Entonces Jesús fue llevado por el Espíritu al desierto, para ser tentado por el demonio. Después de ayunar cuarenta días con sus cuarenta noches, sintió hambre. Y el tentador, acercándose, le dijo: «Si tú eres Hijo de Dios, manda que estas piedras se conviertan en panes». Jesús le respondió: «Está escrito: «El hombre no vive solamente de pan, sino de toda palabra que sale de la boca de Dios»». Luego el demonio llevó a Jesús a la Ciudad santa y lo puso en la parte más alta del Templo, diciéndole: «Si tú eres Hijo de Dios, tírate abajo, porque está escrito: «Dios dará órdenes a sus ángeles, y ellos te llevarán en sus manos para que tu pie no tropiece con ninguna piedra»». Jesús le respondió: «También está escrito: «No tentarás al Señor, tu Dios»». El demonio lo llevó luego a una montaña muy alta; desde allí le hizo ver todos los reinos del mundo con todo su esplendor, y le dijo: «Te daré todo esto, si te postras para adorarme». Jesús le respondió: «Retírate, Satanás, porque está escrito: «Adorarás al Señor, tu Dios, y a él solo rendirás culto»». Entonces el demonio lo dejó, y unos ángeles se acercaron para servirlo.

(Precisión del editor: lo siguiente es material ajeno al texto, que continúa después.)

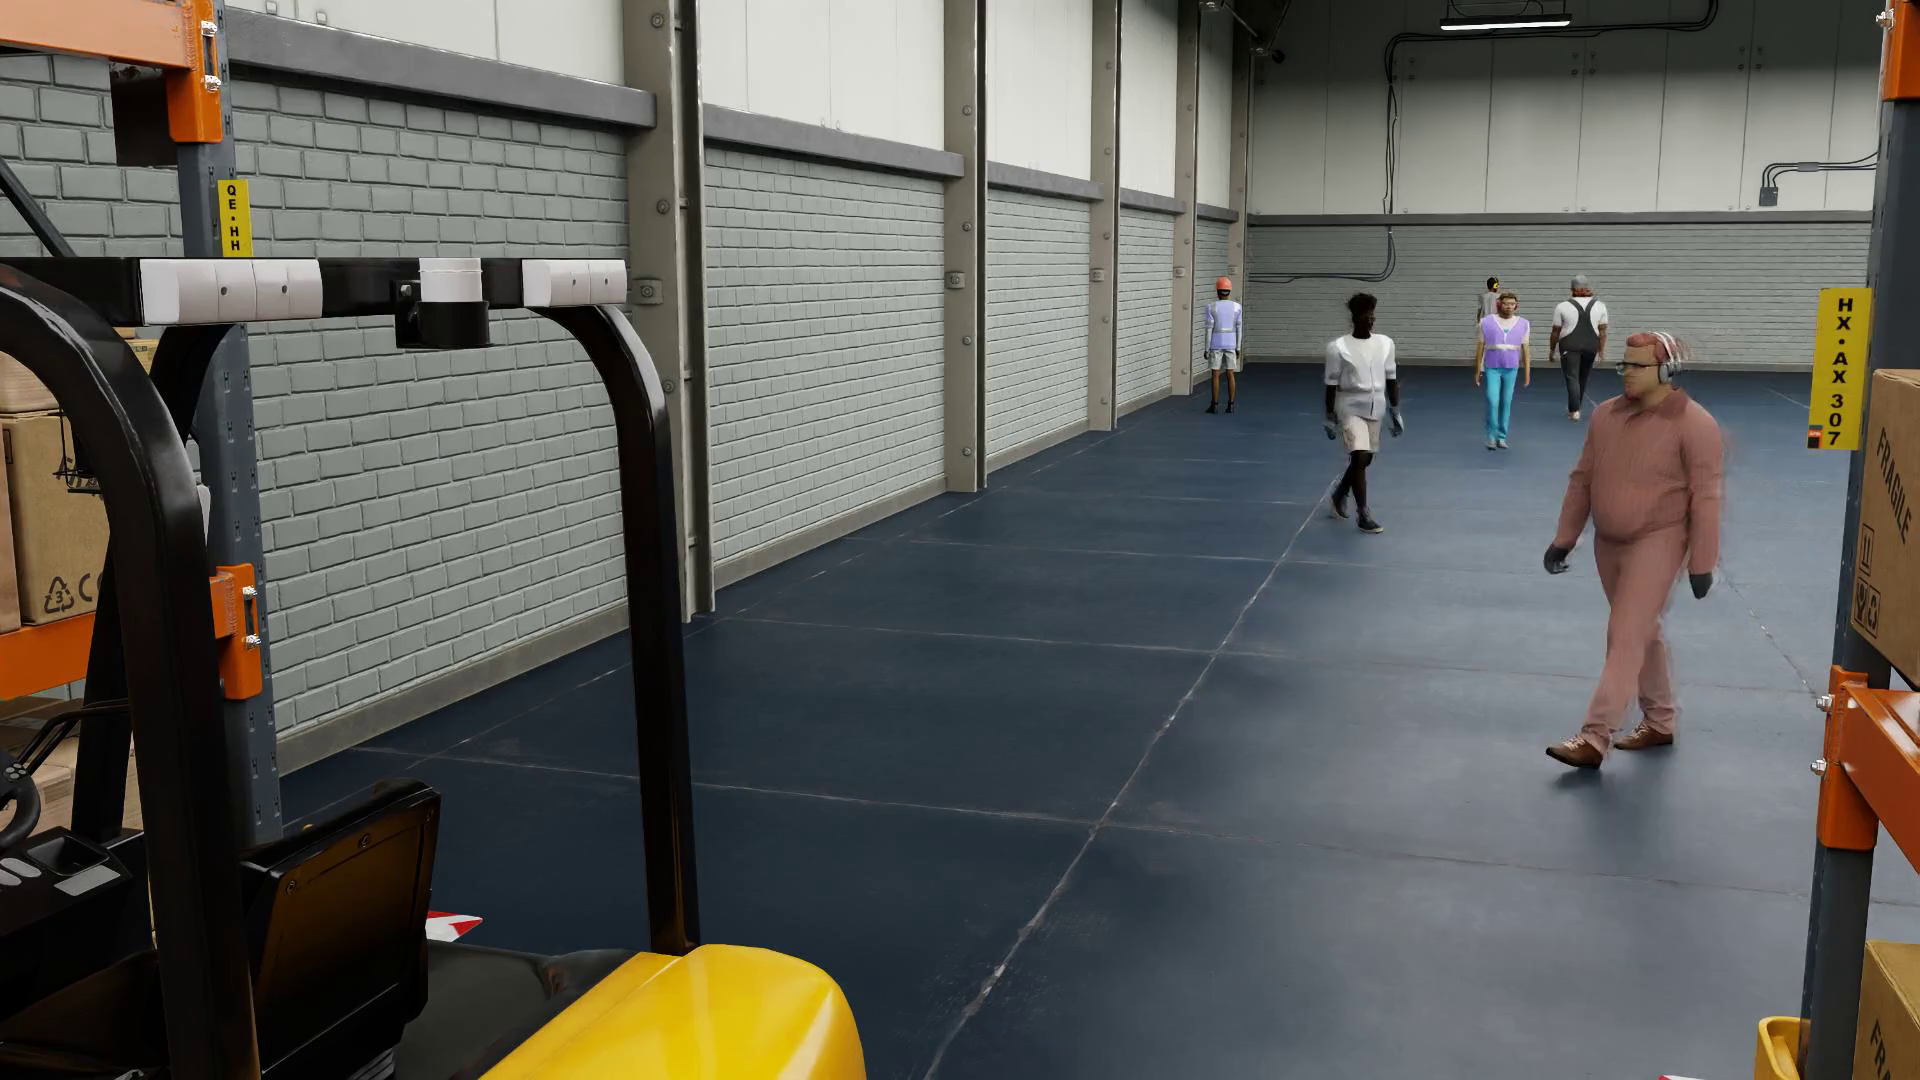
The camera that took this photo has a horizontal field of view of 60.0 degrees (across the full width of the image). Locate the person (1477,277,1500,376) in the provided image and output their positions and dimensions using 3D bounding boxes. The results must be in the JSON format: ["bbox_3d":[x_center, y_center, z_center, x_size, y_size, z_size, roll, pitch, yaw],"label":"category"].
[{"bbox_3d":[10.019,-4.021,31.420,0.518,1.865,0.329,9,13,41],"label":"person"}]

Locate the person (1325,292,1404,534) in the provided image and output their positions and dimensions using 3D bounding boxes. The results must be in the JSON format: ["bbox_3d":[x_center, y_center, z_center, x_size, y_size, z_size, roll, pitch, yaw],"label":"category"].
[{"bbox_3d":[3.256,-1.060,13.607,0.621,1.933,0.945,-3,10,-19],"label":"person"}]

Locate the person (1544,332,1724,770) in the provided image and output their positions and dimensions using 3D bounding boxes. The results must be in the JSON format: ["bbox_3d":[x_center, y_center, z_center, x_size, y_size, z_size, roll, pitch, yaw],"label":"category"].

Sagrada Escritura en el portal web de la Santa Sede

Lecturas

Primera lectura: Libro del Génesis, Gén 2, 7-9; 3, 1-7

Salmo: Sal 51(50), 3-6a.12-14.17

Segunda lectura: Carta de san Pablo a los Romanos, Rom 5, 12-19

Oración introductoria

Señor, el domingo es ese día central en que debo procurar tener un tiempo especial para Ti. Ilumíname, dame la luz y la fuerza de tu Espíritu Santo, para que sepa retirarme de toda distracción y hoy pueda tener un auténtico diálogo contigo, de corazón a corazón, en la oración.

Petición

Señor, concédeme saber escuchar tu Palabra y hacerla vida en mi vida.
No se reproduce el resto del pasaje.